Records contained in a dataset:
________________________

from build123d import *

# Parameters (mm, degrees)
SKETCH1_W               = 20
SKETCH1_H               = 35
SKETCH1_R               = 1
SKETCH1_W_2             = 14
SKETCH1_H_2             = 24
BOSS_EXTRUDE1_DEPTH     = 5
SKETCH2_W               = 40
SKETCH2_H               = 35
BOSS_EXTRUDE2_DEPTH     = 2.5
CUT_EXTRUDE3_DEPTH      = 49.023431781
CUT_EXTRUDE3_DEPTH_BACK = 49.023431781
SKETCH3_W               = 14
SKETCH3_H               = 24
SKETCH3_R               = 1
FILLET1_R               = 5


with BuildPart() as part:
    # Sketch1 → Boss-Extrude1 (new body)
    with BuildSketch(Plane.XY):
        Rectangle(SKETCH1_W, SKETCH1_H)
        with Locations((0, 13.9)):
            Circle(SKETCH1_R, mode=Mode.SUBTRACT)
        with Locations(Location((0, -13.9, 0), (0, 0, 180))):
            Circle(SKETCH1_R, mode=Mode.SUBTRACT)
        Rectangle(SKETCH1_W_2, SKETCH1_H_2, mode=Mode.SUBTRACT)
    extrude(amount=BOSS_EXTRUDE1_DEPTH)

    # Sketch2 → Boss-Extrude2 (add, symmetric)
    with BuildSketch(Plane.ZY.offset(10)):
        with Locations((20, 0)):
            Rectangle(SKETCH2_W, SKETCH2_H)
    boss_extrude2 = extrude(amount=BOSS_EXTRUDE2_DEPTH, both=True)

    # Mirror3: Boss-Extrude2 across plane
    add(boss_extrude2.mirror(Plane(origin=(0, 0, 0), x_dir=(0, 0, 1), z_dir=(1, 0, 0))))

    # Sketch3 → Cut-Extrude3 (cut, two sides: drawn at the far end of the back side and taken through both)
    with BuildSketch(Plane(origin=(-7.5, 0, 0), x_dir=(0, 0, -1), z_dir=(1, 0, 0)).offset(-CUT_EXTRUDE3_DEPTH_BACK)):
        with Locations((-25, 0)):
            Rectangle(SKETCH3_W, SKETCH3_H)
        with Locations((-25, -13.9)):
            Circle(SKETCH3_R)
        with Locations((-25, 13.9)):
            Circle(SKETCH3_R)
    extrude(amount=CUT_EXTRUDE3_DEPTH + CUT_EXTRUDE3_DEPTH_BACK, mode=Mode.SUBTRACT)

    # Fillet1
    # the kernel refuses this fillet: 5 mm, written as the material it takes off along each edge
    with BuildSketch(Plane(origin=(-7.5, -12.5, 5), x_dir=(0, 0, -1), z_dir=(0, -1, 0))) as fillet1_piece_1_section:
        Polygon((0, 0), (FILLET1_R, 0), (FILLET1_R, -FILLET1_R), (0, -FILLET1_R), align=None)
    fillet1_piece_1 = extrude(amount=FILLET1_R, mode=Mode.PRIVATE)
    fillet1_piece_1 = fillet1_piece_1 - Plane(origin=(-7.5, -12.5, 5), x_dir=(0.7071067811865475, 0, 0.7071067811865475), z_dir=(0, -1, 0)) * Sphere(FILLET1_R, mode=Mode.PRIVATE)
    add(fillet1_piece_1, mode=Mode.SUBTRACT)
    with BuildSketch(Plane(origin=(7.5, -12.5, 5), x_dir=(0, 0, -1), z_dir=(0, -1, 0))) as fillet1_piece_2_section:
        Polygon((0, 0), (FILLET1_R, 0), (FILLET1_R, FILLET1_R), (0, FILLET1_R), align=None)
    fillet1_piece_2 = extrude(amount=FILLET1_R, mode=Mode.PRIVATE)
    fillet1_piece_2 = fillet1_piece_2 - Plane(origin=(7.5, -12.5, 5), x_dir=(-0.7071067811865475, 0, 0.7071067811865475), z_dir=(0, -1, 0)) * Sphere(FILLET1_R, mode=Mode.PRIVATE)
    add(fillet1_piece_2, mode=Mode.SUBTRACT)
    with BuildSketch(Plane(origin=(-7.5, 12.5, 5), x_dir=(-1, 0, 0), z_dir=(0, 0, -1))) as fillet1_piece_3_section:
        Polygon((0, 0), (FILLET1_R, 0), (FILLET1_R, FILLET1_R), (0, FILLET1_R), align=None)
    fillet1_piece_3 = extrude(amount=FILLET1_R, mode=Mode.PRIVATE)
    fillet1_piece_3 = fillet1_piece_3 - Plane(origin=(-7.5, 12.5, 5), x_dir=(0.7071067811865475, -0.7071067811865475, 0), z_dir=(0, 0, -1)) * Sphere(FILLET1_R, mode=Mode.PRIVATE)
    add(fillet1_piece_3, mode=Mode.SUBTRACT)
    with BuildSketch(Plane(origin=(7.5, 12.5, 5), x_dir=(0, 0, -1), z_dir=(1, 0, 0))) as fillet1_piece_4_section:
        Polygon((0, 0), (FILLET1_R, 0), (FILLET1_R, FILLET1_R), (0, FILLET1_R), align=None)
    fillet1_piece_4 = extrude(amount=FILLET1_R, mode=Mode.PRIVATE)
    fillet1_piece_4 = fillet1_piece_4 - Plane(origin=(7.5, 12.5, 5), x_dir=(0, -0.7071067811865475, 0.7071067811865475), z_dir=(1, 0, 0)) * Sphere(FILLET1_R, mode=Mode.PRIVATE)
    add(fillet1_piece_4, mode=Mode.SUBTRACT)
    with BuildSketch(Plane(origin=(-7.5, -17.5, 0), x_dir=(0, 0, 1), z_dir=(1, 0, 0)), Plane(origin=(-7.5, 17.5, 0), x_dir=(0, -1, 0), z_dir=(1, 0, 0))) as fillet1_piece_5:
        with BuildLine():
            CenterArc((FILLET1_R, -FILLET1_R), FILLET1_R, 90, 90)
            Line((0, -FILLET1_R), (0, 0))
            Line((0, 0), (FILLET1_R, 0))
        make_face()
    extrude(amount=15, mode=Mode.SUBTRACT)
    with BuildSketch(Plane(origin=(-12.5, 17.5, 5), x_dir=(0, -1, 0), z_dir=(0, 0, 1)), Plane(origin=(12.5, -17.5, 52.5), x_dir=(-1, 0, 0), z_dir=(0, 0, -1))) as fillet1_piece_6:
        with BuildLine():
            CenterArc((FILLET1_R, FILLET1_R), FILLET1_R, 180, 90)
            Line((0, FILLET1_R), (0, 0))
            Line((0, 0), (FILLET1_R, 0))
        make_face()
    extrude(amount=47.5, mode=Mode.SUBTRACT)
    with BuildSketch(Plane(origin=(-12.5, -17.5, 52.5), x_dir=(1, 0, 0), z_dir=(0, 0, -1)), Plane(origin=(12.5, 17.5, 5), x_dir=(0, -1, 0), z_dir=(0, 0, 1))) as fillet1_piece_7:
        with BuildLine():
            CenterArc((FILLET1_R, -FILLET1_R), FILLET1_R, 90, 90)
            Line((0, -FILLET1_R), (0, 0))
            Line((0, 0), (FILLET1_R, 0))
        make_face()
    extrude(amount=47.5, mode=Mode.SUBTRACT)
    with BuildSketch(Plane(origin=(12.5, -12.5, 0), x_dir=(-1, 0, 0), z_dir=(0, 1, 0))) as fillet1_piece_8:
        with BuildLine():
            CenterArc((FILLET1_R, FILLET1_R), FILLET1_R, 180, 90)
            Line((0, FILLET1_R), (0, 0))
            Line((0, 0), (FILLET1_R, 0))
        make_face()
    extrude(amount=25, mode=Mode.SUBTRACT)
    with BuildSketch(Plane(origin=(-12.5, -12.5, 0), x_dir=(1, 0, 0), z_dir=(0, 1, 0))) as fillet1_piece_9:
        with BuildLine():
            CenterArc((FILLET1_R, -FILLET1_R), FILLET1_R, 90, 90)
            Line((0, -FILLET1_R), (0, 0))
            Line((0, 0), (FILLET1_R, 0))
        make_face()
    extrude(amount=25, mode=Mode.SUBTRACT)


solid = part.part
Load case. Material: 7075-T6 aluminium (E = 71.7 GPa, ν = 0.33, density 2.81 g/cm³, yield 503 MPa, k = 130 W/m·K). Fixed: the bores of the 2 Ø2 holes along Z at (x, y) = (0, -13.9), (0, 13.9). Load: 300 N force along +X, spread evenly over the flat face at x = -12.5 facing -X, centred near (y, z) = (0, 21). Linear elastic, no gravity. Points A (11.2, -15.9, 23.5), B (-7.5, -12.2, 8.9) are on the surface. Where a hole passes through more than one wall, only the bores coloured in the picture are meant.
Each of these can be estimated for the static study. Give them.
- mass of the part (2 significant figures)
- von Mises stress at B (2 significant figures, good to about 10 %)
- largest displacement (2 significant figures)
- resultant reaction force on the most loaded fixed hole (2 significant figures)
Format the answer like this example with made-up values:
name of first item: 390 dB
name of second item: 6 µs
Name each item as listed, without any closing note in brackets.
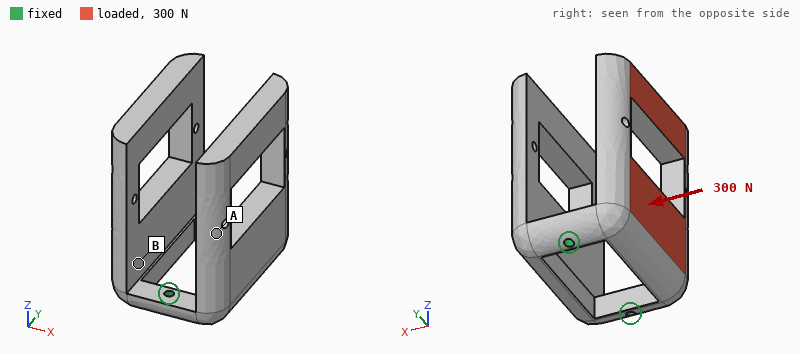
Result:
mass of the part: 28 g
von Mises stress at B: 41 MPa
largest displacement: 0.52 mm
resultant reaction force on the most loaded fixed hole: 190 N
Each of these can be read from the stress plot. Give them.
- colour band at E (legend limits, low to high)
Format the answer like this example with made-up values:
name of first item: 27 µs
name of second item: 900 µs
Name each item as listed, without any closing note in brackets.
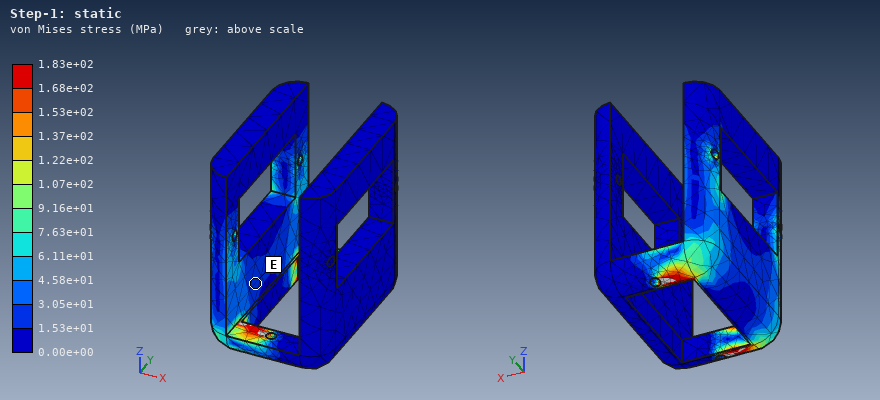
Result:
colour band at E: 1.53e+01 to 3.05e+01 MPa
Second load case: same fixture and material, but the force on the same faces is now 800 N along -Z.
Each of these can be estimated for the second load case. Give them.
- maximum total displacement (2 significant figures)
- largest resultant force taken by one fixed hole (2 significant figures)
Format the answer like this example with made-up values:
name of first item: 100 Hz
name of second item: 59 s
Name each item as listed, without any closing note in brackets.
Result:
maximum total displacement: 0.48 mm
largest resultant force taken by one fixed hole: 410 N
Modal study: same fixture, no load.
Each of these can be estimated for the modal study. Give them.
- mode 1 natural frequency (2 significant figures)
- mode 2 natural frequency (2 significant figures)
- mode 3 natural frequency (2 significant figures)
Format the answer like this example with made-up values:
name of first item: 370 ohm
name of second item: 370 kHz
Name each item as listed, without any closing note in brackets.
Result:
mode 1 natural frequency: 1300 Hz
mode 2 natural frequency: 1400 Hz
mode 3 natural frequency: 3800 Hz
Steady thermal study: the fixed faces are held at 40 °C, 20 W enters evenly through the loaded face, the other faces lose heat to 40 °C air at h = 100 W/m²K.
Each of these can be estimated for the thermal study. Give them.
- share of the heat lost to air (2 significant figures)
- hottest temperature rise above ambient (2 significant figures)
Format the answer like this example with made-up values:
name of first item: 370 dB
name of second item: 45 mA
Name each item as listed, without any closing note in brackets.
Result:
share of the heat lost to air: 38 %
hottest temperature rise above ambient: 44 K
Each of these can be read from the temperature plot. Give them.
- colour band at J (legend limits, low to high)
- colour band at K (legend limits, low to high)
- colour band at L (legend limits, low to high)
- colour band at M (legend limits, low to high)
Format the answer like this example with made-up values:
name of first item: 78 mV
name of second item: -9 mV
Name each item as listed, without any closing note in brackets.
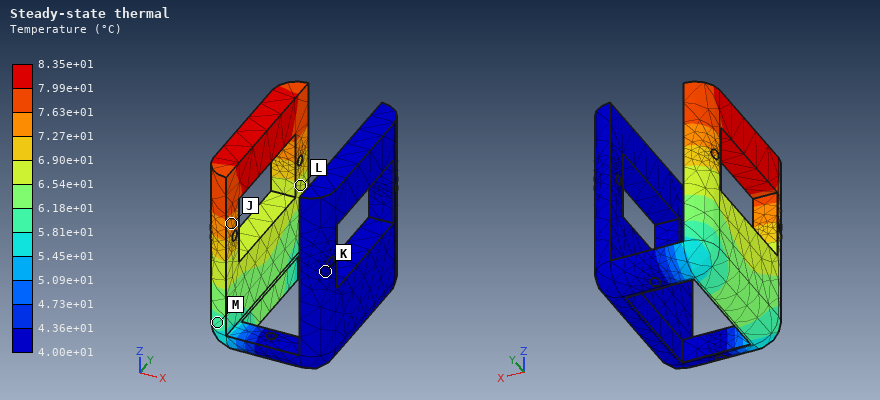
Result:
colour band at J: 7.27e+01 to 7.63e+01 °C
colour band at K: 4.00e+01 to 4.36e+01 °C
colour band at L: 6.54e+01 to 6.90e+01 °C
colour band at M: 5.81e+01 to 6.18e+01 °C

________________________

• [WHAT IS BEING ASKED] Every line from the one containing "Each of these can be read from the temperature" through the last line of the records is to be reproduced exactly, with pictures left out and nothing else given.

• [THE COMPLETED TASK]
Each of these can be read from the temperature plot. Give them.
- colour band at J (legend limits, low to high)
- colour band at K (legend limits, low to high)
- colour band at L (legend limits, low to high)
- colour band at M (legend limits, low to high)
Format the answer like this example with made-up values:
name of first item: 78 mV
name of second item: -9 mV
Name each item as listed, without any closing note in brackets.
Result:
colour band at J: 7.27e+01 to 7.63e+01 °C
colour band at K: 4.00e+01 to 4.36e+01 °C
colour band at L: 6.54e+01 to 6.90e+01 °C
colour band at M: 5.81e+01 to 6.18e+01 °C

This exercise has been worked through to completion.